40 — Competition and Success in the Meme Pool: a Case Study on Quickmeme.com

Michele Coscia (1304.1712)

Read on 30 September 2017
#meme  #economics  #scraping  #internet  #culture 

This paper explores the data available from Quickmeme.com, an internet-meme creation website. Coscia likely chose this resource because of the strong time-stamping and usage metadata associated with each creation: This allows some degree of use-tracking/

Perhaps one of the most delicious parts of this paper is when Coscia explains appropriate usage of different memes. A real excerpt:

“Ridiculously Photogenic Guy” (RFG), instead, has an immediate peak larger than BLB, but it then fades into oblivion as an ephemeral trend.

Coscia downloaded around 179,000 meme “implementations” (unique text and creation-date) and tracked them over usage for several months. The popularity data follow a power law curve: There are a handful of extremely popular memes, with a quick falloff.
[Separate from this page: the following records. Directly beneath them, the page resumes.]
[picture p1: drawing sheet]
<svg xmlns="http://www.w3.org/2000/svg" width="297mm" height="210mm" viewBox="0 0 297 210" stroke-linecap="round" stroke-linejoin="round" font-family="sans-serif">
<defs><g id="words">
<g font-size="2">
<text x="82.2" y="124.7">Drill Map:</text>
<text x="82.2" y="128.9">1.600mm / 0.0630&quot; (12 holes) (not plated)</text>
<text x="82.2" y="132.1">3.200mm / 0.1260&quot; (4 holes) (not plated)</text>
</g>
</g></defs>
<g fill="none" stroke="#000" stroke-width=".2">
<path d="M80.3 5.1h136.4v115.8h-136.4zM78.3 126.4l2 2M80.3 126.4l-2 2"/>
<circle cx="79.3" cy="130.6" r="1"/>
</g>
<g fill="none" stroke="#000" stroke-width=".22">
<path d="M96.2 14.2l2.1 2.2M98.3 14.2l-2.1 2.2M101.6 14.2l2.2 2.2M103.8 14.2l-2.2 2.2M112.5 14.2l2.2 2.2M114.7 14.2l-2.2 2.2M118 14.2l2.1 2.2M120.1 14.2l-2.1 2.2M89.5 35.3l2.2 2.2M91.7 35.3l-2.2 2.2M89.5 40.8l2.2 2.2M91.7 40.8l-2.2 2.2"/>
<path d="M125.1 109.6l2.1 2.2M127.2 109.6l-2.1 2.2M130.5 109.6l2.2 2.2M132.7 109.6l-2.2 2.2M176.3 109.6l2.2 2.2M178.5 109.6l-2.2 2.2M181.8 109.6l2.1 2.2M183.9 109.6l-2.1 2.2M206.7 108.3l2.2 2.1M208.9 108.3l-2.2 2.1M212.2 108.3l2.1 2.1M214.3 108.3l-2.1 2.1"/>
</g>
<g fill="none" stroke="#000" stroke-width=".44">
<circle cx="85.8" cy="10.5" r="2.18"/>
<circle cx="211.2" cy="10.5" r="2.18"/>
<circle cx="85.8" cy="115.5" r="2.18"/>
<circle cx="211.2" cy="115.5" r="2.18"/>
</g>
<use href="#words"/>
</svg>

Memes that make it to the front page of the site have a greater-than-expected response, due to the heightened exposure — in what Coscia calls the “front page effect”.

Coscia’s model of meme spread points out a few intuitive but interesting features of the data: Different memes compete for attention; or similar memes boost each others’ popularity by mutual exposure. (The math is not too hard to follow, so if this sounds like a thing you want to read more about, this is a great paper to check out.)

There were further time- and neighbor-dependent patterns: Higher popularity peaks appear to paradoxically reduce the long-term success rate of memes: High-peak memes have a 13% success-rate; low-peak memes have a 55% success-rate. Memes with similar neighbors (similar text or imagery) tend to collaborate in popularity-level, and survive for longer, with greater resilience to becoming outdated.